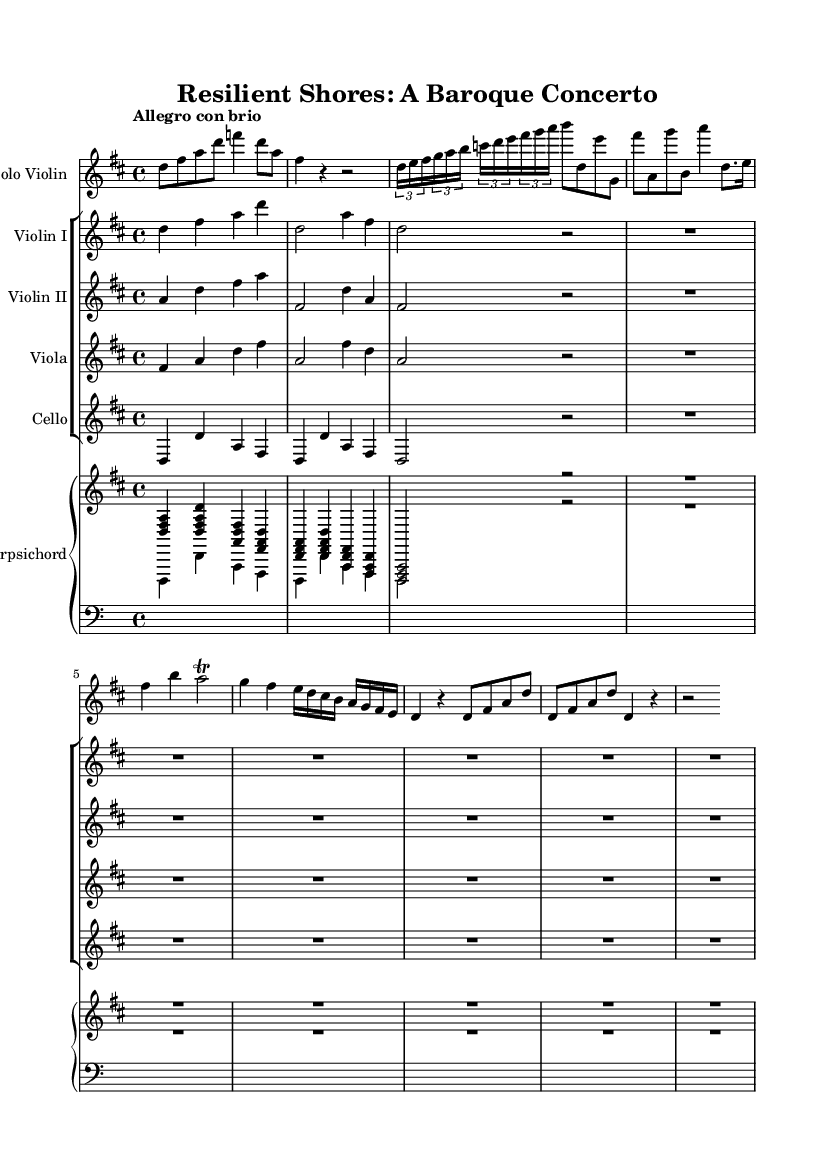What is the key signature of this music? The key signature is D major, which has two sharps (F# and C#). This can be identified in the beginning of the staff where the sharps are indicated.
Answer: D major What is the time signature? The time signature is 4/4, which indicates four beats in each measure and that a quarter note receives one beat. This is noted at the beginning of the score next to the key signature.
Answer: 4/4 What is the tempo marking? The tempo marking is "Allegro con brio," indicating a fast and lively speed. It is specified at the beginning of the score, showing how the piece should be played.
Answer: Allegro con brio How many measures are in the violin solo section? The violin solo section contains eight measures. By counting the measures in the provided section of the music for the solo violin, we can confirm this total.
Answer: eight Which instrument has the highest pitch range in this piece? The solo violin typically has the highest pitch range compared to the other instruments, as it's notated an octave higher than violas and cellos. By visually assessing the clefs and notation, this can be determined.
Answer: Solo Violin How does the violin II part relate to the violin I part? The violin II part provides harmonic support to the violin I part, which leads the melody. This relationship is established through the harmonization of the accompanying parts, which complements the melody played by the first violin.
Answer: Harmonic support What is the primary texture of the overall composition? The primary texture is homophonic, as the melody is supported by harmonic accompaniment, allowing the solo line to stand out clearly against the backdrop of the ensemble. This is evident in how the different parts are structured around the main theme.
Answer: Homophonic 
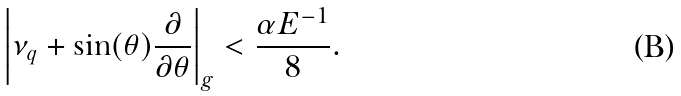Convert formula to latex. <formula><loc_0><loc_0><loc_500><loc_500>\left | \nu _ { q } + \sin ( \theta ) \frac { \partial } { \partial \theta } \right | _ { g } < \frac { \alpha E ^ { - 1 } } { 8 } .</formula> 
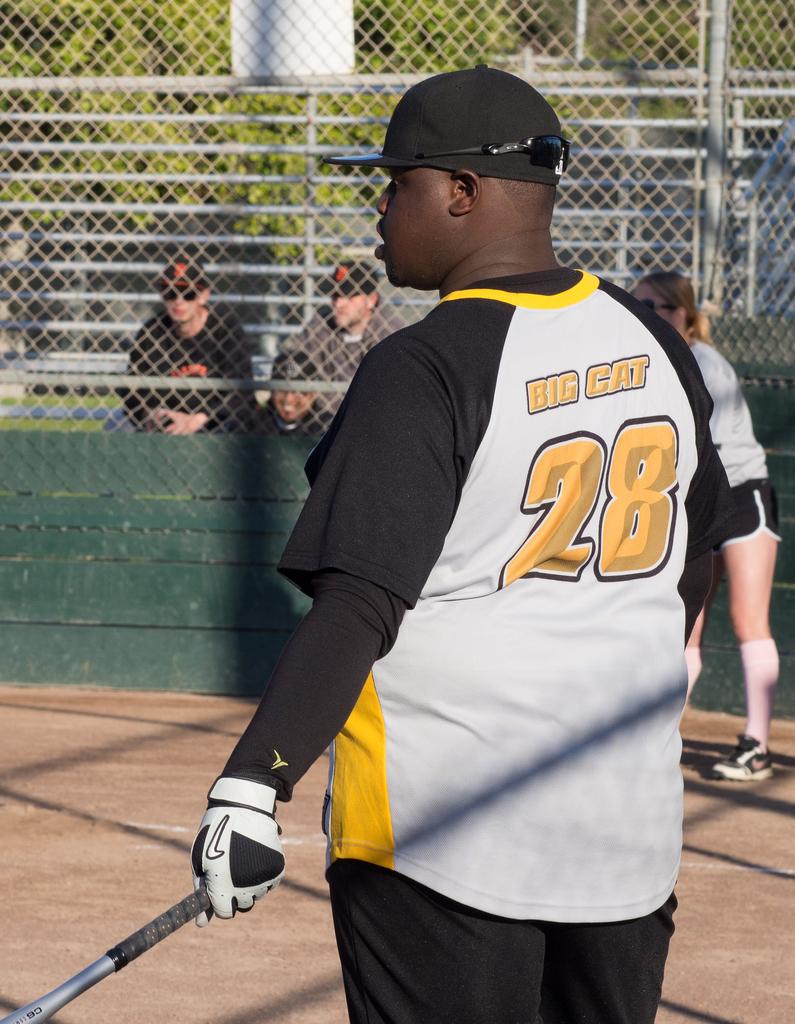What is the team this man plays for?
Give a very brief answer. Big cat. 
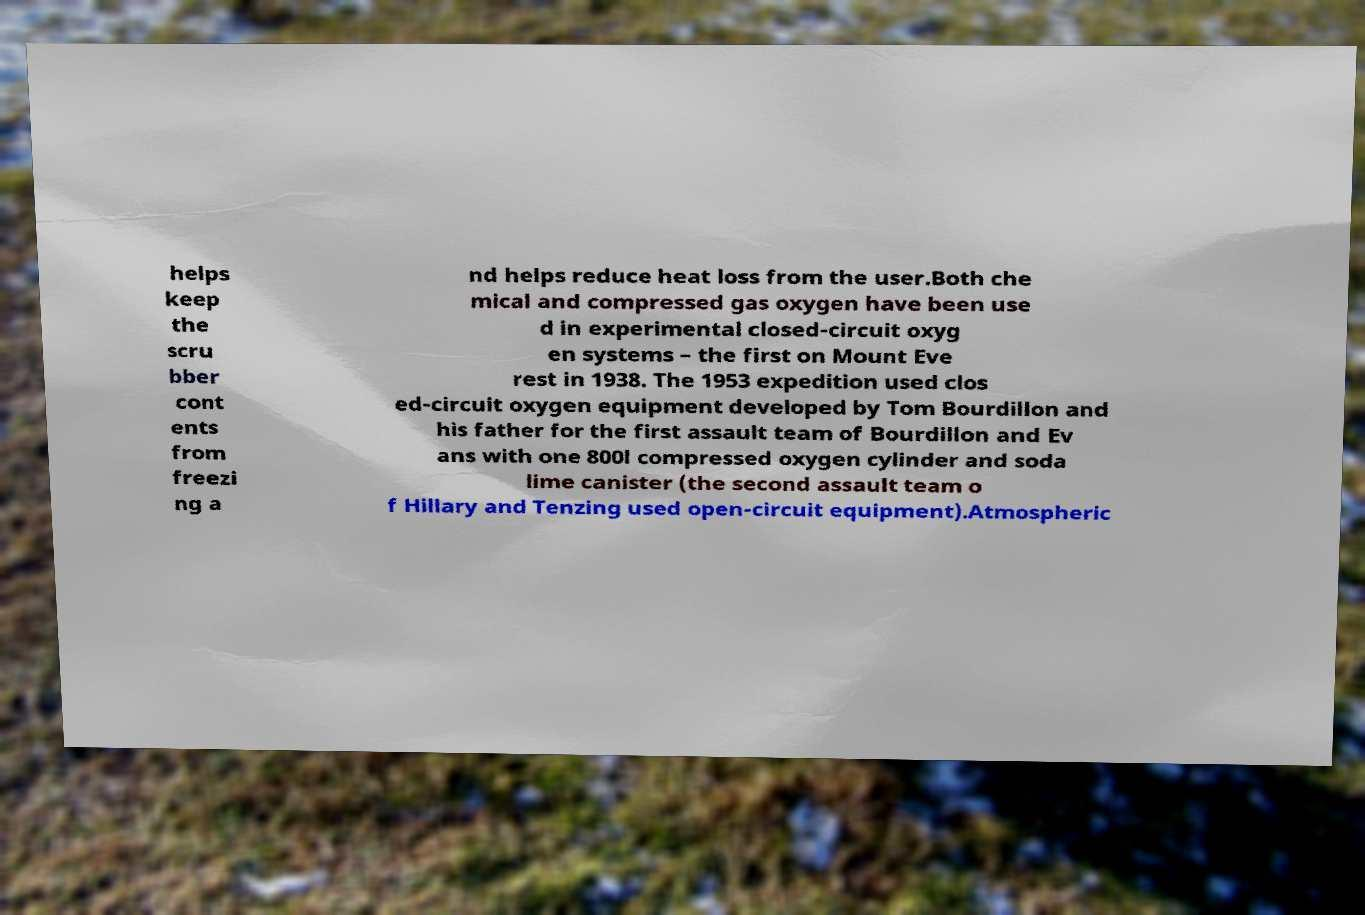Could you assist in decoding the text presented in this image and type it out clearly? helps keep the scru bber cont ents from freezi ng a nd helps reduce heat loss from the user.Both che mical and compressed gas oxygen have been use d in experimental closed-circuit oxyg en systems – the first on Mount Eve rest in 1938. The 1953 expedition used clos ed-circuit oxygen equipment developed by Tom Bourdillon and his father for the first assault team of Bourdillon and Ev ans with one 800l compressed oxygen cylinder and soda lime canister (the second assault team o f Hillary and Tenzing used open-circuit equipment).Atmospheric

+ + + +

◆ Task objective ◆
Please reproduce the listing exactly, leaving out any pictures.

◆ Answer section ◆
What is the key signature of this music? The key signature is D major, which has two sharps (F# and C#). This can be identified in the beginning of the staff where the sharps are indicated.
Answer: D major What is the time signature? The time signature is 4/4, which indicates four beats in each measure and that a quarter note receives one beat. This is noted at the beginning of the score next to the key signature.
Answer: 4/4 What is the tempo marking? The tempo marking is "Allegro con brio," indicating a fast and lively speed. It is specified at the beginning of the score, showing how the piece should be played.
Answer: Allegro con brio How many measures are in the violin solo section? The violin solo section contains eight measures. By counting the measures in the provided section of the music for the solo violin, we can confirm this total.
Answer: eight Which instrument has the highest pitch range in this piece? The solo violin typically has the highest pitch range compared to the other instruments, as it's notated an octave higher than violas and cellos. By visually assessing the clefs and notation, this can be determined.
Answer: Solo Violin How does the violin II part relate to the violin I part? The violin II part provides harmonic support to the violin I part, which leads the melody. This relationship is established through the harmonization of the accompanying parts, which complements the melody played by the first violin.
Answer: Harmonic support What is the primary texture of the overall composition? The primary texture is homophonic, as the melody is supported by harmonic accompaniment, allowing the solo line to stand out clearly against the backdrop of the ensemble. This is evident in how the different parts are structured around the main theme.
Answer: Homophonic 
Convert formula to latex. <formula><loc_0><loc_0><loc_500><loc_500>\left | \nu _ { q } + \sin ( \theta ) \frac { \partial } { \partial \theta } \right | _ { g } < \frac { \alpha E ^ { - 1 } } { 8 } .</formula> 
What is the team this man plays for?
Give a very brief answer. Big cat. 
Could you assist in decoding the text presented in this image and type it out clearly? helps keep the scru bber cont ents from freezi ng a nd helps reduce heat loss from the user.Both che mical and compressed gas oxygen have been use d in experimental closed-circuit oxyg en systems – the first on Mount Eve rest in 1938. The 1953 expedition used clos ed-circuit oxygen equipment developed by Tom Bourdillon and his father for the first assault team of Bourdillon and Ev ans with one 800l compressed oxygen cylinder and soda lime canister (the second assault team o f Hillary and Tenzing used open-circuit equipment).Atmospheric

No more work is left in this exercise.